US 12,468,968 B2
Provider performance scoring using supervised and unsupervised learning
Ji Li, Mountain View, CA (US); Asha Anju, Santa Clara, CA (US); and Xi Chen, San Bruno, CA (US)
Assigned to CLARA ANALYTICS, INC., Santa Clara, CA (US)
Filed by CLARA ANALYTICS, INC., Santa Clara, CA (US)
Filed on Feb. 26, 2021, as Appl. No. 17/186,792.
Prior Publication US 2022/0277209 A1, Sep. 1, 2022
Int. Cl. G06N 5/045 (2023.01); G06F 18/214 (2023.01); G06N 20/20 (2019.01); G06Q 10/10 (2023.01)
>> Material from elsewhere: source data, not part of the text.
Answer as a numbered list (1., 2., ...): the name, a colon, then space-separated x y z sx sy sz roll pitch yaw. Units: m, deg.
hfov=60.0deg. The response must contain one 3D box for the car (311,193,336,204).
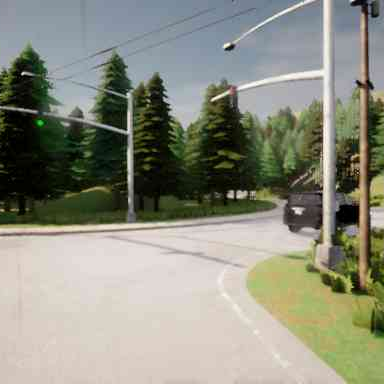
1. car: 18.343 0.852 46.663 1.812 1.442 4.674 0 1 2

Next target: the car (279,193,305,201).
1. car: 16.995 0.826 56.897 1.895 1.301 4.718 -1 1 -18

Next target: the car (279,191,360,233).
1. car: 6.787 0.961 16.593 5.566 2.045 2.150 -1 1 -40
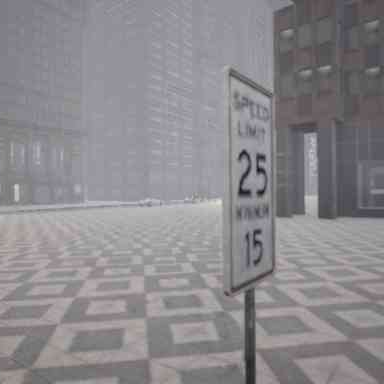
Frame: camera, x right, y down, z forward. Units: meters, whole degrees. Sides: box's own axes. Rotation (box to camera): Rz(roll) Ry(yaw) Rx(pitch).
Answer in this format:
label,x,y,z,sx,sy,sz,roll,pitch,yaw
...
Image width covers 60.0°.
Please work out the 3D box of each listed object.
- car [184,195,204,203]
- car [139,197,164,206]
label,x,y,z,sx,sy,sz,roll,pitch,yaw
car,0.356,1.363,62.335,1.812,1.442,4.674,-1,0,35
car,-6.430,1.470,52.766,1.812,1.442,4.674,-1,0,36
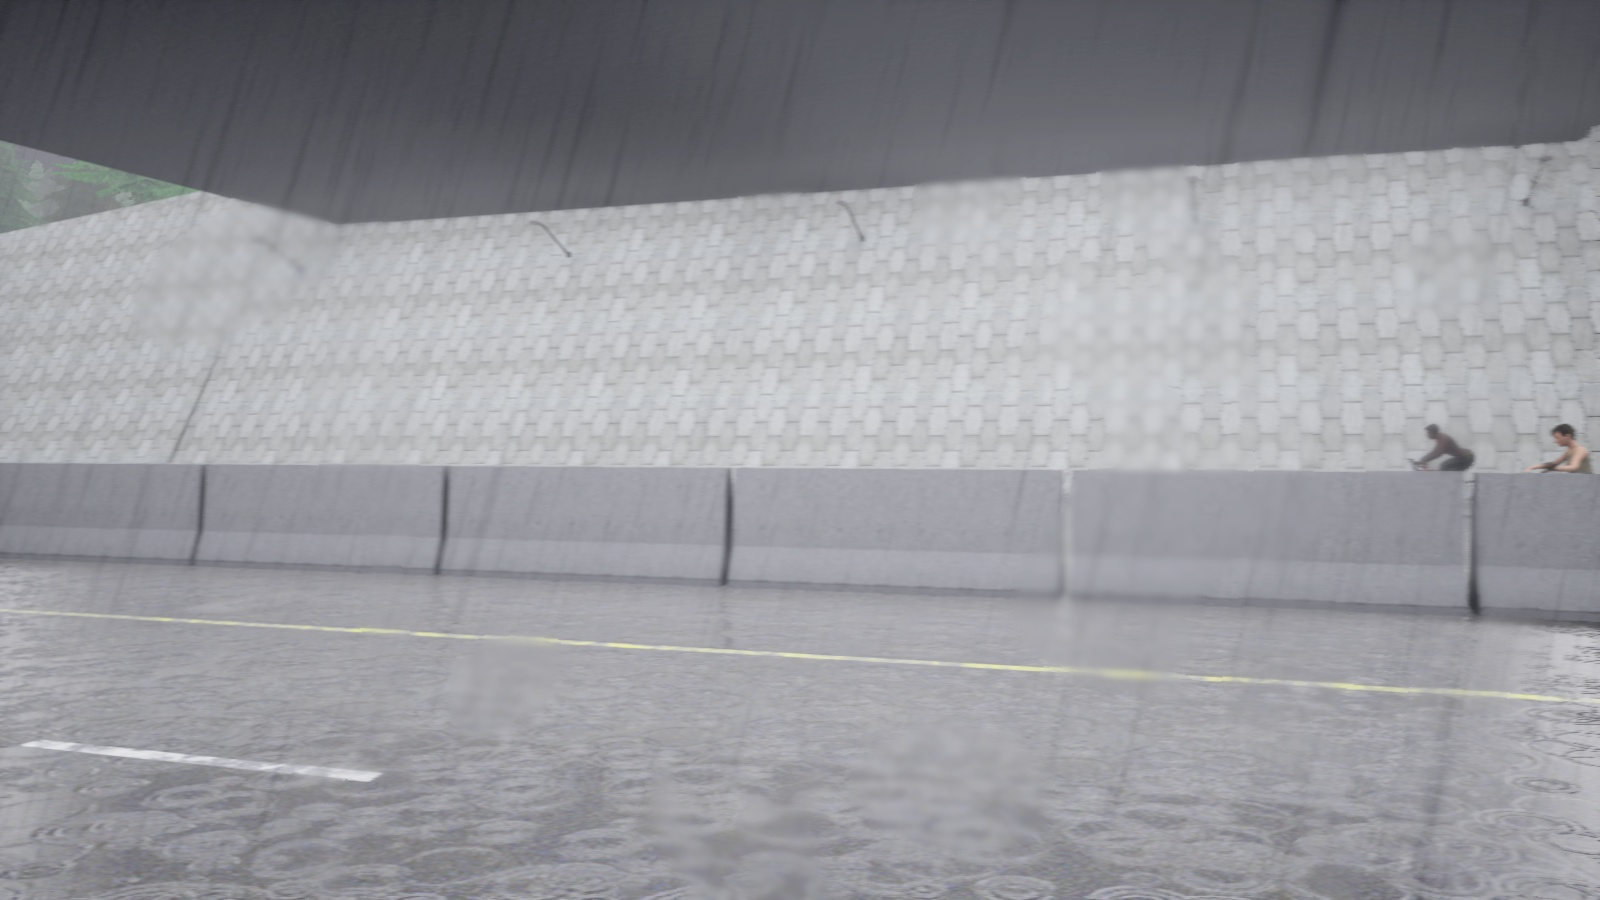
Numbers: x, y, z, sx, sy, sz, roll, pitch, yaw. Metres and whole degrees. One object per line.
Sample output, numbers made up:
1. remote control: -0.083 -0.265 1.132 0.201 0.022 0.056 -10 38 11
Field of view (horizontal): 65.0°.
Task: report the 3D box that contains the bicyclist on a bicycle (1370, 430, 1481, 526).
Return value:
1. bicyclist on a bicycle: 10.792 0.473 21.716 1.656 1.620 0.582 0 1 19

CPC G06N 5/045 (2013.01) [G06F 18/214 (2023.01); G06N 20/20 (2019.01); G06Q 10/10 (2013.01)] 27 Claims
OG exemplary drawing
 
1. A method for predicting performance of a provider comprising:
receiving data associated with a claim involving the provider;
inputting the data associated with the claim into a supervised machine learning model and receiving a predicted performance of the claim as output, wherein the supervised machine learning model has been trained on structured data and unstructured data;
selecting a first unsupervised machine learning model from a plurality of unsupervised machine learning models by determining whether information available for the claim satisfies data fields associated with a stage in claim processing that the claim belongs to, one or more of the plurality of unsupervised machine learning models associated with a different stage of a plurality of stages in claim processing, wherein the plurality of stages comprise information associated with the claim as the claim progresses;
inputting the data associated with the claim into the selected first unsupervised machine learning model and receiving as output from the selected first unsupervised machine learning model an identification of a cluster of candidate claims to which the claim belongs;
generating a score corresponding to a predicted performance of the provider based on the predicted performance of the claim and the identification of the cluster of candidate claims; and
providing, for display at a client device, the generated score of the provider.